4 May, 2010 (21:20) | Erlang | By: Brian

For my Erlang exercises, I had to review a couple of software algorithms for searching. I did a quick brush-up on the concepts so that I could understand the old code I wrote, and translate it into the new code. So a couple of quick definitions.

• Depth-First Search: DFS is the search algorithm I mentioned in the previous post. You keep going down a path until you find what you are looking for or hit a dead-end. Then you back up to your most recent decision and try another path. It’s the opposite of Breadth-First Search, which means to generate all the next steps and check each of those first, then take one of those steps and check all of its next steps.
• Depth-Limited-Search: A kind of depth-first search where you start with some initial limit of how many steps you want to take. If you hit that number of steps before finding a solution, you back up. This is a great way to avoid problems that can loop on themselves, like chess pieces or our train yard.

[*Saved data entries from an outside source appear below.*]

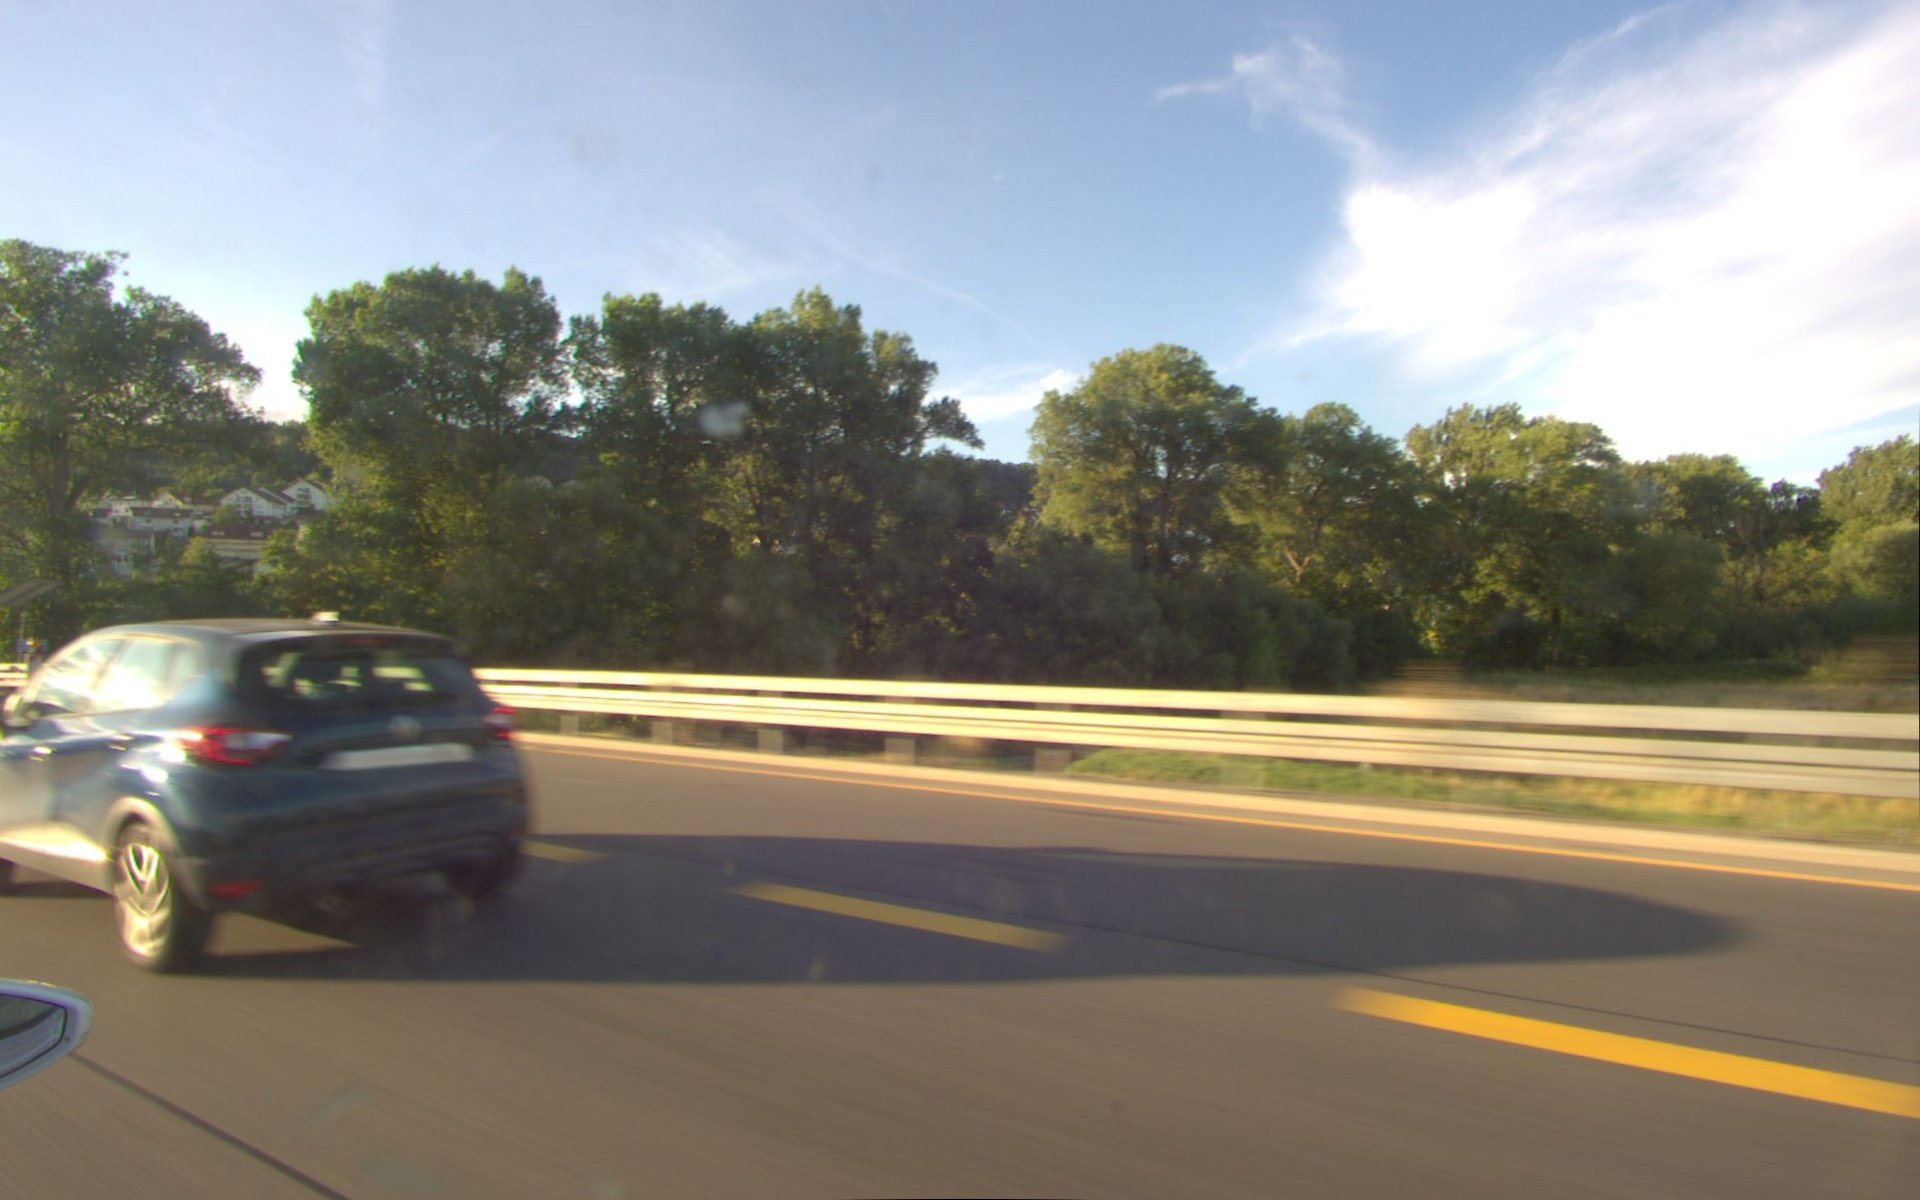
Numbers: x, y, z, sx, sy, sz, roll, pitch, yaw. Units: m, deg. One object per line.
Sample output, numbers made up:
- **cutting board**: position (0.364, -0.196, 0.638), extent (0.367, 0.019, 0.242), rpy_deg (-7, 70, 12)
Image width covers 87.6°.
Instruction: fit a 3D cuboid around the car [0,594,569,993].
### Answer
- **car**: position (-4.360, 0.831, 5.881), extent (4.075, 1.606, 1.771), rpy_deg (-1, -2, 32)

But what if we don’t know how deep to look?
• Iterative deepening depth-first search: After creating a depth-limited search, you wrap that search in a process that keeps running that depth-limited-search at increasing depths until you find a solution. So you start at depth 1, if you don’t find anything, go to depth 2, then 3, then 4, and so on, until you find something. If you know something more about your search space, you might decide to start at a higher number, or increase the change in depth by more than one. But this is the basic idea.

The assignment’s next problem is to write a blind search algorithm, (i.e. – one that doesn’t do any analyzing before deciding where to go) to solve the simpler train yards. I chose IIDFS because it’s fairly simple to write and is guaranteed to find the shortest solution, or one of the shortest solutions if there are multiple solutions at the same minimal depth. It’s also pretty good on space and time.

To do this I created a solution state structure and some helper methods for it.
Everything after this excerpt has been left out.